**Source data:**
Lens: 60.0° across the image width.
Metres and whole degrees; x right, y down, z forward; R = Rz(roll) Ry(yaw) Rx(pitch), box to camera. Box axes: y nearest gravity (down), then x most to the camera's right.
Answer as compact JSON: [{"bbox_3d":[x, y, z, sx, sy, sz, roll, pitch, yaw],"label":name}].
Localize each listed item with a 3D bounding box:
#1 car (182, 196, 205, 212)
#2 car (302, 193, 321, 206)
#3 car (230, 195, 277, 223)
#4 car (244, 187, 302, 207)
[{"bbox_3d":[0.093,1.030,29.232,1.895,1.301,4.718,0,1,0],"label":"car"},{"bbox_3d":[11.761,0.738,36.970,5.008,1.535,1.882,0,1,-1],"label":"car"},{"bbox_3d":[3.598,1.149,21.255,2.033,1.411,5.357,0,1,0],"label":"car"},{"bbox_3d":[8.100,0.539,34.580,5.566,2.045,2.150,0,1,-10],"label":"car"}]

...

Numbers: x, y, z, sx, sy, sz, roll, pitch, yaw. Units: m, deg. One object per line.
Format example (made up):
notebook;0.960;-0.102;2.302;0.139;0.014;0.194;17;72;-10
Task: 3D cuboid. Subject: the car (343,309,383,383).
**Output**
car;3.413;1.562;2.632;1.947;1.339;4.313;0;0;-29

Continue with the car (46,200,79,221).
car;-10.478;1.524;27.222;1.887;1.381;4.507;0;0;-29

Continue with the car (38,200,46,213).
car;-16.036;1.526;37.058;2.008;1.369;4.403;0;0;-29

* * *

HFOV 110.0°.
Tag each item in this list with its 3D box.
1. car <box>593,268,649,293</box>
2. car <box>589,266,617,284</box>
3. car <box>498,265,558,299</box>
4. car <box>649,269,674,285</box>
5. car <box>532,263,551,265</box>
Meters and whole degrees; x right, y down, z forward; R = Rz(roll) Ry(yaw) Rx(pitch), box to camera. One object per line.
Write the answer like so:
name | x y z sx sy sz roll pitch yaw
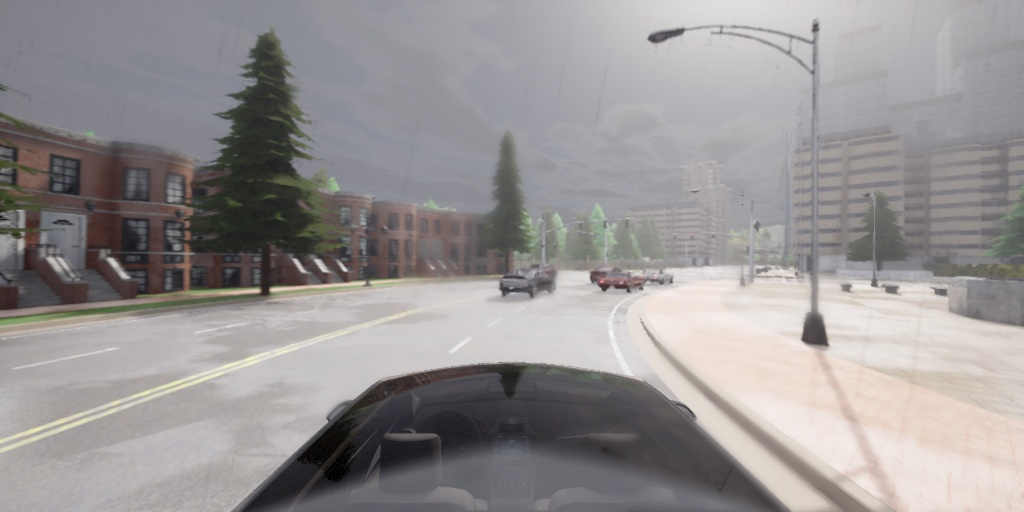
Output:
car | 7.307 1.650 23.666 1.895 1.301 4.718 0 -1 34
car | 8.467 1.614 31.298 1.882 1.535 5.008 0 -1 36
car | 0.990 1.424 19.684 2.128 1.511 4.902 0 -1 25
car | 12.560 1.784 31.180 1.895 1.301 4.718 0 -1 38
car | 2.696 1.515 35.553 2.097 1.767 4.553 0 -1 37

**What is being asked:** From the line that has "Localize each listed" through the line that has "#3 car (230, 195, 277, 223)", copy every line exactly as it appears above, and leave out all others.

**Response to the exercise:**
Localize each listed item with a 3D bounding box:
#1 car (182, 196, 205, 212)
#2 car (302, 193, 321, 206)
#3 car (230, 195, 277, 223)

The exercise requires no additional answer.